Dopo i primi momenti del gioco, durante il salvataggio di un ostaggio dai nazisti, verremo a contatto con un manufatto che ci donerà diversi poteri. Il primo che potremo utilizzare ci permetterà di spostarci tra due diverse dimensioni, permettendoci quindi di raggiungere luoghi altrimenti inesplorabili, oltre alla possibilita di muoverci ad una velocità maggiore e di poter vedere al buio. Dopo qualche missione potremo mettere le mani su 3 nuovi poteri. Potremo rallentare il tempo, attivare uno scudo per proteggerci dagli attacchi nemici ed, in conclusione, potremo utilizzare un potere che ci garantirà il massimo della precisione in qualsiasi situazione, oltre alla possibilità di poter colpire anche i nemici che si trovano dietro ad uno scudo.

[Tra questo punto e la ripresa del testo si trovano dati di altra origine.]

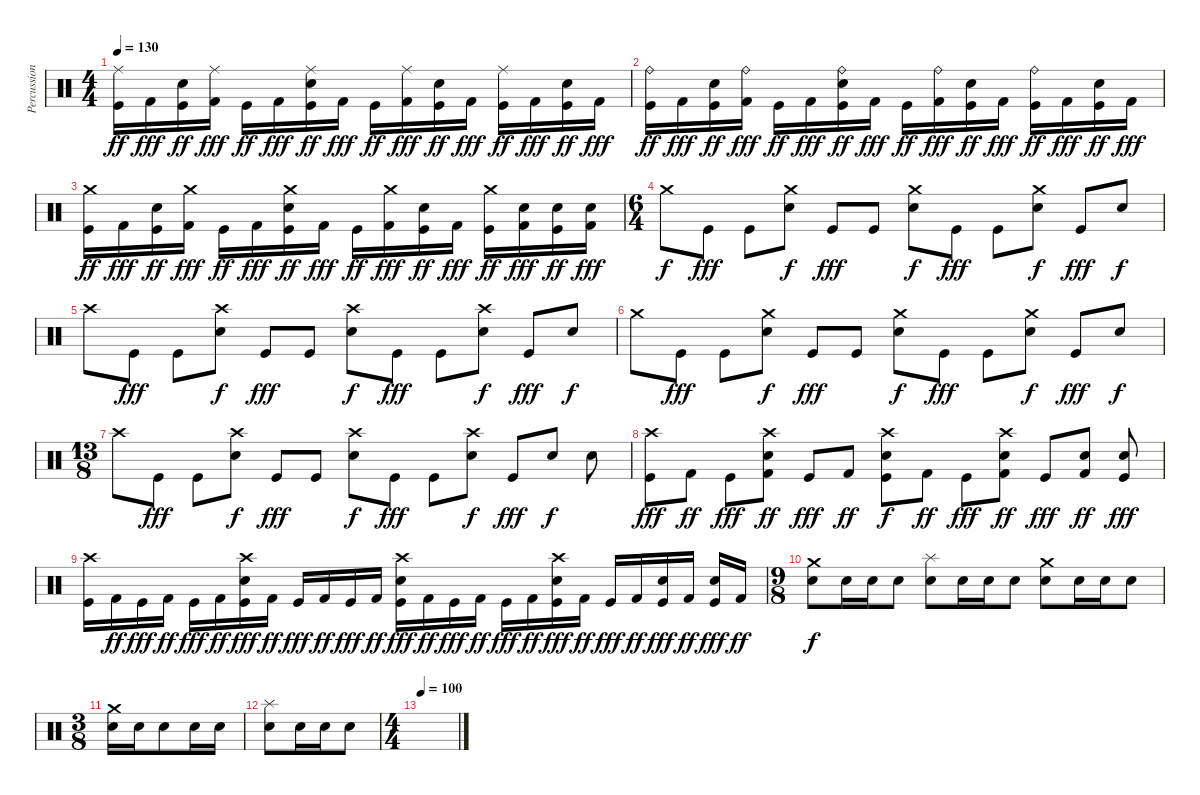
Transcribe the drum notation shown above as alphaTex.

\track ("Percussioni" "Percussion") {instrument percussion}
\staff {score}
\articulation defaults
\ts (4 4)
\tempo 130
\clef neutral
\ks c
("Ride (middle)" "Kick (hit)").16{dy ff} "Kick (hit) 2".16{dy fff} ("Snare (hit) 2" "Kick (hit)").16{dy ff} ("Ride (middle)" "Kick (hit) 2").16{dy fff} "Kick (hit)".16{dy ff} "Kick (hit) 2".16{dy fff} ("Ride (middle)" "Snare (hit) 2" "Kick (hit)").16{dy ff} "Kick (hit) 2".16{dy fff} "Kick (hit)".16{dy ff} ("Ride (middle)" "Kick (hit) 2").16{dy fff} ("Snare (hit) 2" "Kick (hit)").16{dy ff} "Kick (hit) 2".16{dy fff} ("Ride (middle)" "Kick (hit)").16{dy ff} "Kick (hit) 2".16{dy fff} ("Snare (hit) 2" "Kick (hit)").16{dy ff} "Kick (hit) 2".16{dy fff} |
("Ride (bell)" "Kick (hit)").16{dy ff} "Kick (hit) 2".16{dy fff} ("Snare (hit) 2" "Kick (hit)").16{dy ff} ("Ride (bell)" "Kick (hit) 2").16{dy fff} "Kick (hit)".16{dy ff} "Kick (hit) 2".16{dy fff} ("Ride (bell)" "Snare (hit) 2" "Kick (hit)").16{dy ff} "Kick (hit) 2".16{dy fff} "Kick (hit)".16{dy ff} ("Ride (bell)" "Kick (hit) 2").16{dy fff} ("Snare (hit) 2" "Kick (hit)").16{dy ff} "Kick (hit) 2".16{dy fff} ("Ride (bell)" "Kick (hit)").16{dy ff} "Kick (hit) 2".16{dy fff} ("Snare (hit) 2" "Kick (hit)").16{dy ff} "Kick (hit) 2".16{dy fff} |
("Crash medium (hit)" "Kick (hit)").16{dy ff} "Kick (hit) 2".16{dy fff} ("Snare (hit) 2" "Kick (hit)").16{dy ff} ("Crash medium (hit)" "Kick (hit) 2").16{dy fff} "Kick (hit)".16{dy ff} "Kick (hit) 2".16{dy fff} ("Crash medium (hit)" "Snare (hit) 2" "Kick (hit)").16{dy ff} "Kick (hit) 2".16{dy fff} "Kick (hit)".16{dy ff} ("Crash medium (hit)" "Kick (hit) 2").16{dy fff} ("Snare (hit) 2" "Kick (hit)").16{dy ff} "Kick (hit) 2".16{dy fff} ("Crash medium (hit)" "Kick (hit)").16{dy ff} ("Snare (hit) 2" "Kick (hit) 2").16{dy fff} ("Snare (hit) 2" "Kick (hit)").16{dy ff} ("Snare (hit) 2" "Kick (hit) 2").16{dy fff} |
\ts (6 4)
"Crash medium (hit)".8{dy f} "Kick (hit)".8{dy fff} "Kick (hit)".8 ("Crash medium (hit)" "Snare (hit) 2").8{dy f} "Kick (hit)".8{dy fff} "Kick (hit)".8 ("Crash medium (hit)" "Snare (hit) 2").8{dy f} "Kick (hit)".8{dy fff} "Kick (hit)".8 ("Crash medium (hit)" "Snare (hit) 2").8{dy f} "Kick (hit)".8{dy fff} "Snare (hit) 2".8{dy f} |
"Crash high (hit)".8 "Kick (hit)".8{dy fff} "Kick (hit)".8 ("Crash high (hit)" "Snare (hit) 2").8{dy f} "Kick (hit)".8{dy fff} "Kick (hit)".8 ("Crash high (hit)" "Snare (hit) 2").8{dy f} "Kick (hit)".8{dy fff} "Kick (hit)".8 ("Crash high (hit)" "Snare (hit) 2").8{dy f} "Kick (hit)".8{dy fff} "Snare (hit) 2".8{dy f} |
"Crash medium (hit)".8 "Kick (hit)".8{dy fff} "Kick (hit)".8 ("Crash medium (hit)" "Snare (hit) 2").8{dy f} "Kick (hit)".8{dy fff} "Kick (hit)".8 ("Crash medium (hit)" "Snare (hit) 2").8{dy f} "Kick (hit)".8{dy fff} "Kick (hit)".8 ("Crash medium (hit)" "Snare (hit) 2").8{dy f} "Kick (hit)".8{dy fff} "Snare (hit) 2".8{dy f} |
\ts (13 8)
"Crash high (hit)".8 "Kick (hit)".8{dy fff} "Kick (hit)".8 ("Crash high (hit)" "Snare (hit) 2").8{dy f} "Kick (hit)".8{dy fff} "Kick (hit)".8 ("Crash high (hit)" "Snare (hit) 2").8{dy f} "Kick (hit)".8{dy fff} "Kick (hit)".8 ("Crash high (hit)" "Snare (hit) 2").8{dy f} "Kick (hit)".8{dy fff} "Snare (hit) 2".8{dy f} "Snare (hit) 2".8 |
("Crash high (hit)" "Kick (hit)").8{dy fff} "Kick (hit) 2".8{dy ff} "Kick (hit)".8{dy fff} ("Crash high (hit)" "Snare (hit) 2" "Kick (hit) 2").8{dy ff} "Kick (hit)".8{dy fff} "Kick (hit) 2".8{dy ff} ("Crash high (hit)" "Snare (hit) 2" "Kick (hit)").8{dy f} "Kick (hit) 2".8{dy ff} "Kick (hit)".8{dy fff} ("Crash high (hit)" "Snare (hit) 2" "Kick (hit) 2").8{dy ff} "Kick (hit)".8{dy fff} ("Snare (hit) 2" "Kick (hit) 2").8{dy ff} ("Snare (hit) 2" "Kick (hit)").8{dy fff} |
("Crash high (hit)" "Kick (hit)").16 "Kick (hit) 2".16{dy ff} "Kick (hit)".16{dy fff} "Kick (hit) 2".16{dy ff} "Kick (hit)".16{dy fff} "Kick (hit) 2".16{dy ff} ("Crash high (hit)" "Snare (hit) 2" "Kick (hit)").16{dy fff} "Kick (hit) 2".16{dy ff} "Kick (hit)".16{dy fff} "Kick (hit) 2".16{dy ff} "Kick (hit)".16{dy fff} "Kick (hit) 2".16{dy ff} ("Crash high (hit)" "Snare (hit) 2" "Kick (hit)").16{dy fff} "Kick (hit) 2".16{dy ff} "Kick (hit)".16{dy fff} "Kick (hit) 2".16{dy ff} "Kick (hit)".16{dy fff} "Kick (hit) 2".16{dy ff} ("Crash high (hit)" "Snare (hit) 2" "Kick (hit)").16{dy fff} "Kick (hit) 2".16{dy ff} "Kick (hit)".16{dy fff} "Kick (hit) 2".16{dy ff} ("Snare (hit) 2" "Kick (hit)").16{dy fff} "Kick (hit) 2".16{dy ff} ("Snare (hit) 2" "Kick (hit)").16{dy fff} "Kick (hit) 2".16{dy ff} |
\ts (9 8)
("Crash medium (hit)" "Snare (hit) 2").8{dy f} "Snare (hit) 2".16 "Snare (hit) 2".16 "Snare (hit) 2".8 ("Splash (hit)" "Snare (hit) 2").8 "Snare (hit) 2".16 "Snare (hit) 2".16 "Snare (hit) 2".8 ("Crash medium (hit)" "Snare (hit) 2").8 "Snare (hit) 2".16 "Snare (hit) 2".16 "Snare (hit) 2".8 |
\ts (3 8)
("Crash medium (hit)" "Snare (hit) 2").16 "Snare (hit) 2".16 "Snare (hit) 2".8 "Snare (hit) 2".16 "Snare (hit) 2".16 |
("Splash (hit)" "Snare (hit) 2").8 "Snare (hit) 2".16 "Snare (hit) 2".16 "Snare (hit) 2".8 |
\ts (4 4)
\tempo 100

Ed è proprio l'esistenza di questo potere che ci ha fatto storcere il naso. Infatti, anche se avessimo una mira infallibile, capiterà spesso di non riuscire a colpire il nemico, anche se stiamo utilizzando un kar98 con mirino telescopico. Questo perché il gioco vuole che voi utilizziate necessariamente l'ultimo potere per essere sicuri che il colpo vada a finire esattamente nel punto in cui stavate mirando. E vi sentirete particolarmente frustrati da questo sistema di mira, sopratutto quando vi renderete conto della IA dei nemici poco sviluppata che riuscirà comunque a farvi fuori solo perche i colpi non andranno a segno.
E come se non bastasse, sarà subito dopo i primi livelli che vi accorgerete del problema piu grande di questo titolo, ovvero l'intero comparto grafico. E' stato riutilizzato lo stesso motore di Quake Wars, un titolo del 2007, per giunta castrato. Vi ritroverete di fronte a texture a bassa risoluzione, modelli 3D con pochi poligoni, ambienti di gioco decisamente ristretti e pieni di muri invisibili, niente Antialiasing e molto, molto altro. Nel complesso la grafica non è male, ma per un titolo del 2009 vorremmo vedere qualcosa di nettamente superiore.
In conclusione, abbiamo un gioco che, per quanto possa essere divertente, è stato realizzato in modo frettoloso e con poca cura nei dettagli. Sicuramente un titolo di cui ci scorderemo presto.